§ Work request
Could you copy out every line of the data where the word "Разъем" occurs?
═════ Exercise data
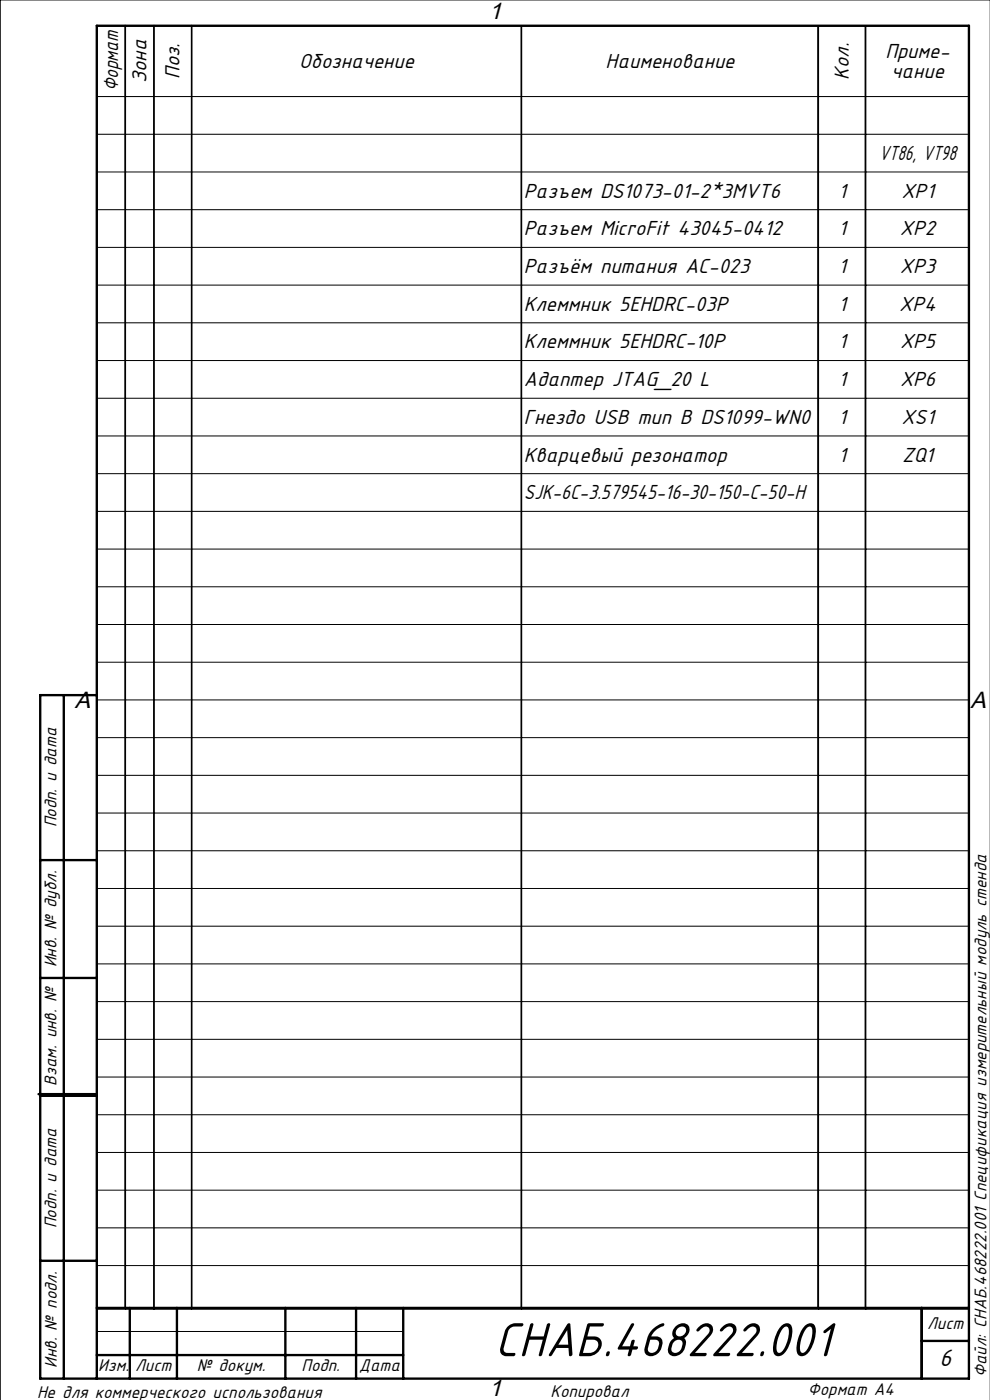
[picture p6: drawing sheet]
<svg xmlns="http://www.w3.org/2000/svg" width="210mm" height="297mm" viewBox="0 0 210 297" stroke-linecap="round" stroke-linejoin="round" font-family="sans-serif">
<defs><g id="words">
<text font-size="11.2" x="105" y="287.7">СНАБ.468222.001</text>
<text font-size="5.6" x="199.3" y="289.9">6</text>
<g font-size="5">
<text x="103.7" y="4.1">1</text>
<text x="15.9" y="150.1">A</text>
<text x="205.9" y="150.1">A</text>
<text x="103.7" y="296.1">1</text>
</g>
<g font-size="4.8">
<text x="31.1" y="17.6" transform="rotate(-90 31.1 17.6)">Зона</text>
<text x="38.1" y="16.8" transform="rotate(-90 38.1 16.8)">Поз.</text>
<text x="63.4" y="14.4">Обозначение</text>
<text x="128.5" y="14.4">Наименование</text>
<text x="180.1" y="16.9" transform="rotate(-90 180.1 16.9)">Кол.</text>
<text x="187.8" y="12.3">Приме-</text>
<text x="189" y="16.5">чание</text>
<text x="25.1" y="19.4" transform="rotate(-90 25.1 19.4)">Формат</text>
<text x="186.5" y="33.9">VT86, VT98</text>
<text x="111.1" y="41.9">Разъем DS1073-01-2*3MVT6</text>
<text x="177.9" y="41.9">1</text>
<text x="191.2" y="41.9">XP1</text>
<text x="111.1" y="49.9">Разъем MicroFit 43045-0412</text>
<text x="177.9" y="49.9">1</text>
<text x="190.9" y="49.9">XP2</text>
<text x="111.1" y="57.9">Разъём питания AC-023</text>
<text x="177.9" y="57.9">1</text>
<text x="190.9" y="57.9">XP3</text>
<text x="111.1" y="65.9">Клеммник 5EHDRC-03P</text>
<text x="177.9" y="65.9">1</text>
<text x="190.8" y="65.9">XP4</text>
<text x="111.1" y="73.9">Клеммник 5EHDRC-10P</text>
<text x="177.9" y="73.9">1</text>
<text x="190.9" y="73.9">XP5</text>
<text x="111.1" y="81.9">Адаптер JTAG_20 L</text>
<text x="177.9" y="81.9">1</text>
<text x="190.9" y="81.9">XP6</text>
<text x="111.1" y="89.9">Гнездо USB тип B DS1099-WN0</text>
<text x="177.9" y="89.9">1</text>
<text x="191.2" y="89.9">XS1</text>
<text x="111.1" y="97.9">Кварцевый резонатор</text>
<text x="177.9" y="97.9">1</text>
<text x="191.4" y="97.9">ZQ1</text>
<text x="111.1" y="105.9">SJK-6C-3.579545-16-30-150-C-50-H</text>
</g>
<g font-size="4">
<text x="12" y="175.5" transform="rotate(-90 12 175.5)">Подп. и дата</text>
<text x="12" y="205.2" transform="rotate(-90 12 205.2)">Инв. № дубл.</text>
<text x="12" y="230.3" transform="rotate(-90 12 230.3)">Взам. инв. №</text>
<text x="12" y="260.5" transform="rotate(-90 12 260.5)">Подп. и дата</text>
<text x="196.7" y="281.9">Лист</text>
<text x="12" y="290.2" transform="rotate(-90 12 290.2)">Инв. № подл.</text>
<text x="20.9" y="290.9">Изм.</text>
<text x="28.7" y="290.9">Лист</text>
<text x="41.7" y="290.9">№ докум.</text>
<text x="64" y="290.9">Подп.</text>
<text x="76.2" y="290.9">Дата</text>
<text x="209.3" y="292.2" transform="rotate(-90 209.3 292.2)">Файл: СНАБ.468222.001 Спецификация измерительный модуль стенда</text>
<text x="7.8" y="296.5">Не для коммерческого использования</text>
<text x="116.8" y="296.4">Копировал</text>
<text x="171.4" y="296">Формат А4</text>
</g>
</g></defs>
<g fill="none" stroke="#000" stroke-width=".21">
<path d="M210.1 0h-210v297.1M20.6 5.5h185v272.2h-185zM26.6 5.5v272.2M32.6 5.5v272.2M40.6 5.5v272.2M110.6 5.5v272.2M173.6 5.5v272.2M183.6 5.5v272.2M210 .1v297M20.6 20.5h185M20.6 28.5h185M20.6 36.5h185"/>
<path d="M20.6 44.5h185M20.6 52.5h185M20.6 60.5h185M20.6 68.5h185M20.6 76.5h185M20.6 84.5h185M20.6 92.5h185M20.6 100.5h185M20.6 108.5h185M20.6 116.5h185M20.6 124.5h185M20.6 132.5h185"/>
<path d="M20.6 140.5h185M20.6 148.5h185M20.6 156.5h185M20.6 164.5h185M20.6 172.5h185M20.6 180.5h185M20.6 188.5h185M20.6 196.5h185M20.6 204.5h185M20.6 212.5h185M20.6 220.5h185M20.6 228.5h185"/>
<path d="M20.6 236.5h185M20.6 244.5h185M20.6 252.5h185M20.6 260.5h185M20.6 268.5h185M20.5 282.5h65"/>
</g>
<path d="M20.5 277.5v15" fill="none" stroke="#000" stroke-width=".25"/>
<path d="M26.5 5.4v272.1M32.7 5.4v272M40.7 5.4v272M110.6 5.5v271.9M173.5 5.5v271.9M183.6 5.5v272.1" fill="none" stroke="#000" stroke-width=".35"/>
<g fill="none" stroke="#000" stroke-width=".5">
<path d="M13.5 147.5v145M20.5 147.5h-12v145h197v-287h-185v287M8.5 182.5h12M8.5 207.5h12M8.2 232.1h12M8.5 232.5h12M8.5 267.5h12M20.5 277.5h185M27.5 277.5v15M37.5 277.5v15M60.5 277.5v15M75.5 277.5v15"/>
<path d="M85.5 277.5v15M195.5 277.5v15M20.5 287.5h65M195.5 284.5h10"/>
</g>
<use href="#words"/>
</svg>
══════════
§ Exercise answer
<text x="111.1" y="41.9">Разъем DS1073-01-2*3MVT6</text>
<text x="111.1" y="49.9">Разъем MicroFit 43045-0412</text>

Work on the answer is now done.